Par-delà ses apories, critiquées par de nombreux penseurs dits humanistes encore attachés aux frontières distinctes entre les êtres vivants, l’antispécisme de Singer influence de nombreuses réflexions actuelles, aux Etats-Unis (Tom Regan, Gary Francione) mais aussi en France (Florence Burgat, Françoise Armengaud, Georges Chapouthier…), en en prolongeant beaucoup d’autres plus anciennes (Jacques Derrida, Hans Jonas…). Celle d’Elisabeth de Fontenay, en particulier, qui insiste sur ce point : “Il n’y a pas deux éthiques, l’une humaine, l’autre animale : il y a éthique ou il n’y a pas éthique.” Aujourd’hui, dit-elle, il faut “déconstruire cette métaphysique tant spiritualiste que matérialiste du ‘propre de l’homme’ qui a conduit à opérer une coupure entre l’homme et l’animal”. Contre cette “arrogance” du propre de l’homme, dans la lignée directe de Peter Singer, la philosophe défend un nouvel humanisme, “un humanisme de l’autre vivant et qui prend en charge l’humanité des animaux mêmes, attentif à la passivité, à la vulnérabilité des vies nues et plus ou moins muettes”.

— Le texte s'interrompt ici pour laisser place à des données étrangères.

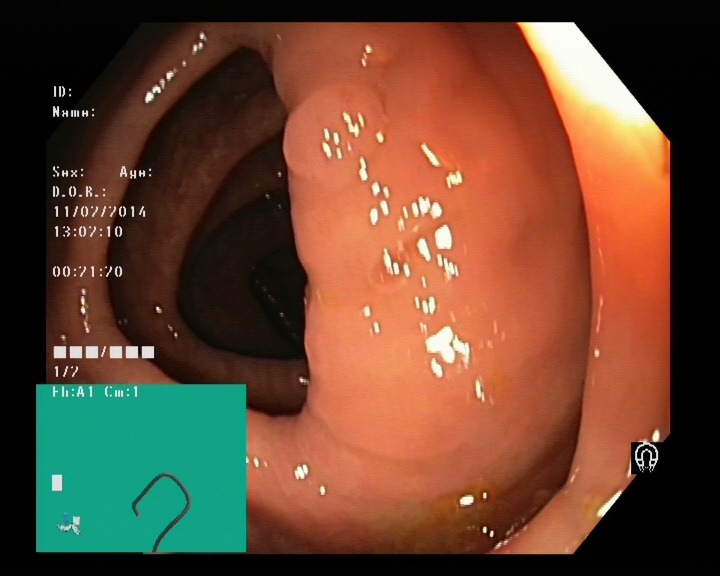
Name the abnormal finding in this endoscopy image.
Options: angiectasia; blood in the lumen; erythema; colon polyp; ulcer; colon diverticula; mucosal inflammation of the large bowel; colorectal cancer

colon polyp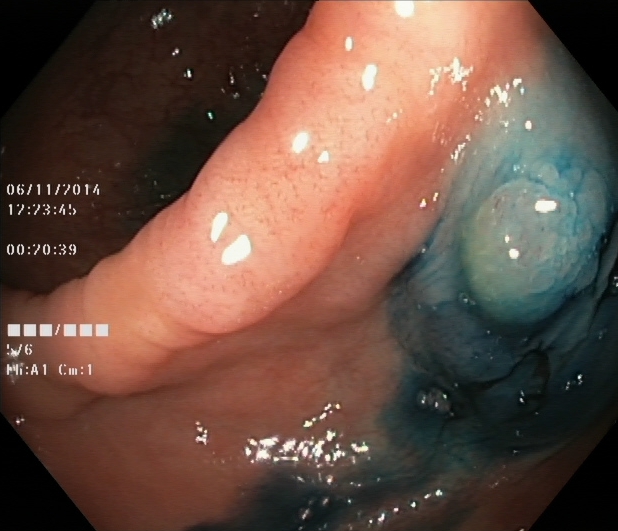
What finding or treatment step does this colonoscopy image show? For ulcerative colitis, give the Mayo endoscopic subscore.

dyed and lifted polyp (pre-resection)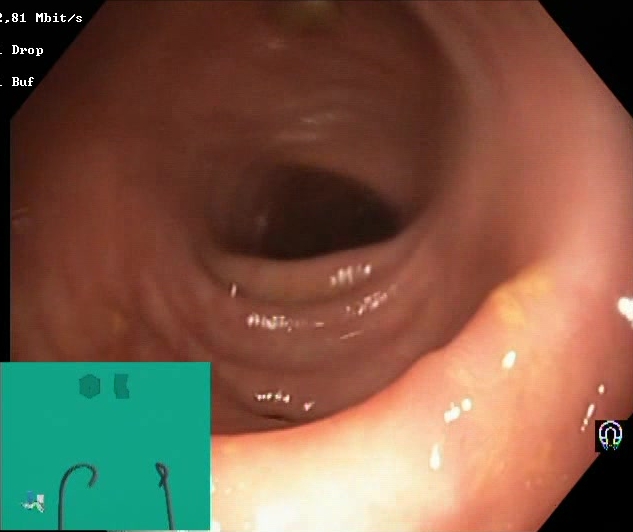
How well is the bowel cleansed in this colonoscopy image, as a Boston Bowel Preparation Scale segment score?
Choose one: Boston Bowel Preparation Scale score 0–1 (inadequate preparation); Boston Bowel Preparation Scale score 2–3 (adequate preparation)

Boston Bowel Preparation Scale score 2–3 (adequate preparation)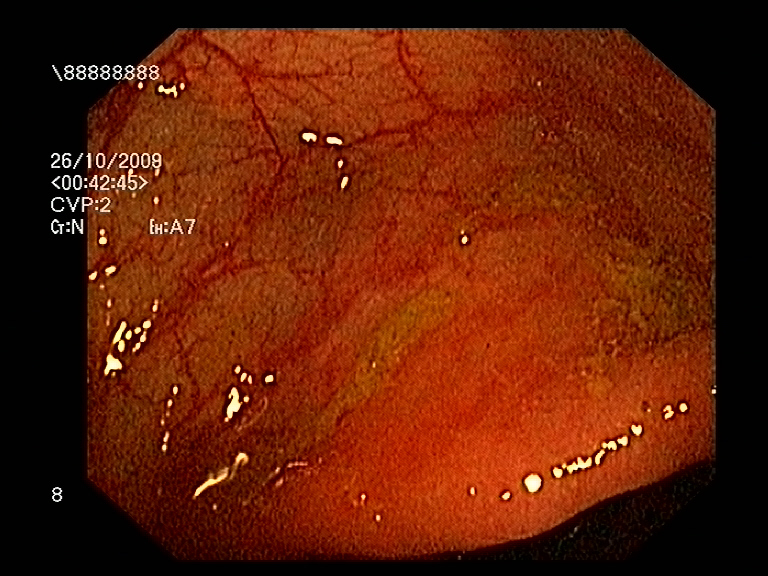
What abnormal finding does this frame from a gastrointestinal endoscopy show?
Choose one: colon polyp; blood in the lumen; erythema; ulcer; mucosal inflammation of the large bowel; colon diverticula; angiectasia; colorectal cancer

erythema

C’est donc à une rupture avec le rationalisme essentialiste de la philosophie classique que nous invitent Singer, Fontenay et Cyrulnik, pour qui “le souci de l’autre doit inclure désormais les animaux dans la sphère morale”, comme une conséquence de nos récentes connaissances en éthologie et en primatologie. Même les pieuvres sont capables d’apprentissage et d’attachement, rappelle Cyrulnik ; sans parler des porcs, dont on sait désormais qu’ils ont une vie émotionnelle riche et des capacités cognitives très développées, égales ou supérieures aux chiens et aux grands singes.

A ces motifs éthiques, Peter Singer mêle aussi des considérations d’ordre écologique et médical.

“L’une des manières de résoudre ou de réduire la menace du changement climatique serait de cesser de manger de la viande, en particulier celle des ruminants ; cette industrie constitue selon la FAO (Food and Agriculture Organization – ndlr) l’une des plus grandes contributions au réchauffement climatique, plus que tout le secteur des transports, avance-t-il. Le même raisonnement s’applique pour résoudre le problème de la famine ; la production de viande est très gaspilleuse de terre arable, plus de 70 % des terres agricoles disponibles sont consacrées au seul élevage des animaux dans le monde : cesser de manger de la viande permettrait de libérer la terre pour nourrir des millions de personnes à travers le monde en céréales, fruits et légumes. Donc ceux qui s’intéressent d’abord aux problèmes de l’humanité devraient au moins être végétariens pour ces raisons-là, quand bien même ils ne sont pas militants de la libération animale.”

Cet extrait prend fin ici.